Para ajudar os bailarinos a perceber a leveza de um movimento de braço, por exemplo, Fernanda chegou a amarrar folhas de palmeira nos braços deles. Alguns movimentos são aprendidos com os alunos deitados no chão e a dimensão do toque é muito importante. César Albuquerque é professor e diretor artístico e, há nove anos, trabalha na AFB. Ele começou ballet por causa de um problema no joelho que tem desde criança e se formou pela Escola de Dança do Theatro Municipal de São Paulo. “Todos os dias, aprendemos com eles. O mundo da dança é cheio de egos e, aqui, aprendemos a valorizar, sobretudo, o ser humano”, disse César.
SONHOS NÃO TEM COR
No Dia Internacional da Dança, a casa colorida que abriga a companhia de ballet para cegos estava em movimento. Em todos os cômodos, alunos, pais e professores conversavam, riam, dançavam ou se preparavam para mais uma aula. Por meio da janela de vidro, podia- -se ver as crianças que, em cadeiras de rodas, dançavam sob a orientação do professor.

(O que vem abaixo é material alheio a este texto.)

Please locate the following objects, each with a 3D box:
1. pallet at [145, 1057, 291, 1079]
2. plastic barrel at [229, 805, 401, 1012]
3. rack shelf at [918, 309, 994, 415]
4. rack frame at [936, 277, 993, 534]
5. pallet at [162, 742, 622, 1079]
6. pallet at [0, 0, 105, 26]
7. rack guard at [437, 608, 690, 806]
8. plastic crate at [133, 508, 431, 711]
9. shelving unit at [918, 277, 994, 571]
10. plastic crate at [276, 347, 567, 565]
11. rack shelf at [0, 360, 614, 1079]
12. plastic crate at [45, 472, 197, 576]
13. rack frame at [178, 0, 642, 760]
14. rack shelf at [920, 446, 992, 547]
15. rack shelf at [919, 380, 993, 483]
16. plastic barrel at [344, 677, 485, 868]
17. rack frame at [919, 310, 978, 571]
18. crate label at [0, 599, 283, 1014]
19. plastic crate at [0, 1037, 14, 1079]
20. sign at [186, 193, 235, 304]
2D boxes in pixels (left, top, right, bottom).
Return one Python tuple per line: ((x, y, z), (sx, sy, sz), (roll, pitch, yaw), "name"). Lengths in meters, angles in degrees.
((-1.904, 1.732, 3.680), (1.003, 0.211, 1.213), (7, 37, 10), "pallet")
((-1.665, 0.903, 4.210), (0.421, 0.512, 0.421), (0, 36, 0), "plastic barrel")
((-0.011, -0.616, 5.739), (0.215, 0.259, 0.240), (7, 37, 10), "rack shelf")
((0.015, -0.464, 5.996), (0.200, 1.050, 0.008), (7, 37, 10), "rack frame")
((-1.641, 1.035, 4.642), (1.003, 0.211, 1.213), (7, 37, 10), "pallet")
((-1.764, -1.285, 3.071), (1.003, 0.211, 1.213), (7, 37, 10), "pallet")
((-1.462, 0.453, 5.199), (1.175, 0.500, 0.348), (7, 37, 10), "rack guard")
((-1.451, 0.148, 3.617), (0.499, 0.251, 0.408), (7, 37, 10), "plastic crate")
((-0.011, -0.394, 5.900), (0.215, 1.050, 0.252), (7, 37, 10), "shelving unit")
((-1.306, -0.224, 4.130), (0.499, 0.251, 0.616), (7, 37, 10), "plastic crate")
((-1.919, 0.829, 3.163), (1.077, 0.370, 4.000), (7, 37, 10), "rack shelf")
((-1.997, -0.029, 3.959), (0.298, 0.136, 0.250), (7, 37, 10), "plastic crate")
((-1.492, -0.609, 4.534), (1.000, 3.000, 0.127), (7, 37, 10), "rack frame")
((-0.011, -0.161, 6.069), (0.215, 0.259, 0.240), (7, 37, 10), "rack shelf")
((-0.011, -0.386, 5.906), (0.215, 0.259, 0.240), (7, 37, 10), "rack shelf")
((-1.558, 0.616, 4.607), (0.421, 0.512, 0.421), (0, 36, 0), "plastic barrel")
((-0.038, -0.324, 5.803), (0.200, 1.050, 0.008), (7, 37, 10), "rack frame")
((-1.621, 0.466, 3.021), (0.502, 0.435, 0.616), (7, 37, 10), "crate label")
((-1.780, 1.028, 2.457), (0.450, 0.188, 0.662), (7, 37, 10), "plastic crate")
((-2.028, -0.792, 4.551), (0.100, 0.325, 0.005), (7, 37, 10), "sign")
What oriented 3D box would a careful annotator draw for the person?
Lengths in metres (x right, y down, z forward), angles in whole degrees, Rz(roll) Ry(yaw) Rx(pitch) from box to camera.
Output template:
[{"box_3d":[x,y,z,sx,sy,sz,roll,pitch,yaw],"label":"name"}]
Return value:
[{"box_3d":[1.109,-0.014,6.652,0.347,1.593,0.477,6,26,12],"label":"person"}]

Recentemente, um documentário para uma televisão alemã contou a trajetória de alguns dos personagens que compõem esta história. O documentário “Olhando para as Estrelas”, de 2017, com direção de Alexandre Peralta, também foi reconhecido internacionalmente e, em breve, deve ser lançado um livro recontando a história do Associação, bem como do método desenvolvido por Fernanda.
“Eu nunca imaginei que a Associação fosse se tornar tudo isso. Eu jamais pensei em fazer dez viagens internacionais junto aos bailarinos ou participar do encerramento das Paralimpíadas de Inverno, no Canadá, em 2010. As coisas foram acontecendo e, hoje, sonhamos em ter uma sede própria”, disse Fernanda. “Recebemos tantos nãos em nossas vidas, e, agora, parece que vivemos um momento de sim”, disse Gisele, enquanto se preparava para mais uma apresentação.